Asked about university research in England, in a BBC interview on his arrival in 1964, he said "the trouble was deeper than money ... Frustration is caused by concentration of power in the hands of a few." His deepening concern about entrepreneurial activity in academe intensified, (Section 10.6 of his book.)

==Industry, Columbia and CUNY==
After a year at the Institute of Computer Science, Barnett went back to the US He joined the newly formed Graphic Systems Division of RCA, to create software for commercial computer typesetting. RCA acquired the US rights to the Digiset machine of Rudolf Hell and marketed an adaptation as the Videocomp. About 50 were sold. Barnett designed the algorithmic markup language PAGE-1 to express complicated formats in full page composition. This was used for a wide range of typeset products that included, over the years, the Social Sciences Index of the H. W. Wilson Company and several other publications excerpted in a later review paper., The application to database publishing led Barnett to devise and implement a programming language, that he called SNAP, to express file handling operations as sequences of grammatical English sentences.

In 1969, Barnett joined the H. W. Wilson Company, a publisher of bibliographic tools for libraries, to automate the production of these. He designed and introduced the system that was used to produce the Social Sciences Index for about 10 years. He had also started to teach courses on library automation at the Columbia School of Library Service.

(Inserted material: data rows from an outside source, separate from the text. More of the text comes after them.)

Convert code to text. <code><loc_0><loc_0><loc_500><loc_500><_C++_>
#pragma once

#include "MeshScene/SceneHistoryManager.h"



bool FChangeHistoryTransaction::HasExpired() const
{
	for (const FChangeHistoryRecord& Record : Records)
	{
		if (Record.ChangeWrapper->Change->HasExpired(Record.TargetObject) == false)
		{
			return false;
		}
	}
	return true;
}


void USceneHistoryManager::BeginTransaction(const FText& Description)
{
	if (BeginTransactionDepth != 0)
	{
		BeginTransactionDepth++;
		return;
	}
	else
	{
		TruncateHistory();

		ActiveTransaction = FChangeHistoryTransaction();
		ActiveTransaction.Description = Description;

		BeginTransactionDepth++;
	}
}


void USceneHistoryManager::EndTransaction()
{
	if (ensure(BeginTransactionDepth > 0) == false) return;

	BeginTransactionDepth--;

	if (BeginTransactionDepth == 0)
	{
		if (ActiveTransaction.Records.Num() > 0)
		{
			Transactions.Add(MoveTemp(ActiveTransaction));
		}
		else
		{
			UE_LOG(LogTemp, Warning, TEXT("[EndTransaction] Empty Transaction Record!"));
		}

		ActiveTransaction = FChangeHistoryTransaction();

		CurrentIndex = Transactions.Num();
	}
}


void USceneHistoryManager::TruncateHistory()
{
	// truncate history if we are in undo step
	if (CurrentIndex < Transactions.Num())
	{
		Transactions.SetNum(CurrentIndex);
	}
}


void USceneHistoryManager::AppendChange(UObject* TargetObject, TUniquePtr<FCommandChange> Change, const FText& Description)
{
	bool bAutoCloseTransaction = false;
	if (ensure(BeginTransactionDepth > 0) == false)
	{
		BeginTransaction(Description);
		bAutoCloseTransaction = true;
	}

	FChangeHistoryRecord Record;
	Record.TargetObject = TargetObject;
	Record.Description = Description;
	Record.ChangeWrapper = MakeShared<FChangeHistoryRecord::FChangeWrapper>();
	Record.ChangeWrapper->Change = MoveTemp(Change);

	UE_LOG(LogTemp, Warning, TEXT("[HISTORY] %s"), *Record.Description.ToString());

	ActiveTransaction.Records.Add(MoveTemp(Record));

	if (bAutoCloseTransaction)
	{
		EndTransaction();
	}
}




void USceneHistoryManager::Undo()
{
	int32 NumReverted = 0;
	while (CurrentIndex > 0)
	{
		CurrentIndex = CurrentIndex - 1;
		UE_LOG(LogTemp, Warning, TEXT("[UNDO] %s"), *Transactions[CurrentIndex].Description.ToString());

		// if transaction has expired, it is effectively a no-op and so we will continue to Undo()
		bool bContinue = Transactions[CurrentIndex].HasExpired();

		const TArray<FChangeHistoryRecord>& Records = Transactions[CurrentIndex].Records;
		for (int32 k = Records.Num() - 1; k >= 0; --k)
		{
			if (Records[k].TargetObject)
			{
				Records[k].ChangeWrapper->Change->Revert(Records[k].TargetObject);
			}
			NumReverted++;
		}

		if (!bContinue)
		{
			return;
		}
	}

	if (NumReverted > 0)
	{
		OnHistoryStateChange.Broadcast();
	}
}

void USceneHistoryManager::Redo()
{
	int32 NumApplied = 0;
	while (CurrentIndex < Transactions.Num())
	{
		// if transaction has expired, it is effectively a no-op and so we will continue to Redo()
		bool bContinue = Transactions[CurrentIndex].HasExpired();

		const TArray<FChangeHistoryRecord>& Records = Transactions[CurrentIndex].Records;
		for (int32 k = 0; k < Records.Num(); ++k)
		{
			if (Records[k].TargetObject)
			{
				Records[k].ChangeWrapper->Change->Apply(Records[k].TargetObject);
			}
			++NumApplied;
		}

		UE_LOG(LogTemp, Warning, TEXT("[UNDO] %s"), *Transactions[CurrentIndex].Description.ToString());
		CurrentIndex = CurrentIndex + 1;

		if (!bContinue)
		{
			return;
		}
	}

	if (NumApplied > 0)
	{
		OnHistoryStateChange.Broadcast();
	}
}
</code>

He joined the Columbia faculty full-time in 1975.

In 1977, Barnett moved to the Department of Computer and Information Science at Brooklyn College of the City University of New York in 1977, retiring as professor emeritus in 1996. Whilst at CUNY, he directed a major NSF funded project to develop computer generated printed matter for undergraduate teaching. He wrote software that incorporated pictures in documents that were typeset using PAGE-1. He wrote several books with his three teenage children, Gabrielle, Simon and Graham, aimed at the home market. These dealt with the production of computer graphics on early personal computers, that included the Commodore 64, the Apple II, and IBM PC, and the use of elementary algorithms.

==Integrals redux, retirement and symbolic calculation==
In 1989, Barnett started to spend part of his time as a visiting scientist at the John von Neumann National Supercomputer Center, located on the outskirts of Princeton and run by a consortium of universities. He restarted work on molecular integrals, using the power of the supercomputer to go beyond the possibilities of the 1960s. After his retirement from CUNY, he continued to explore applications of symbolic calculation to molecular integrals, nuclear magnetic resonance, and other topics.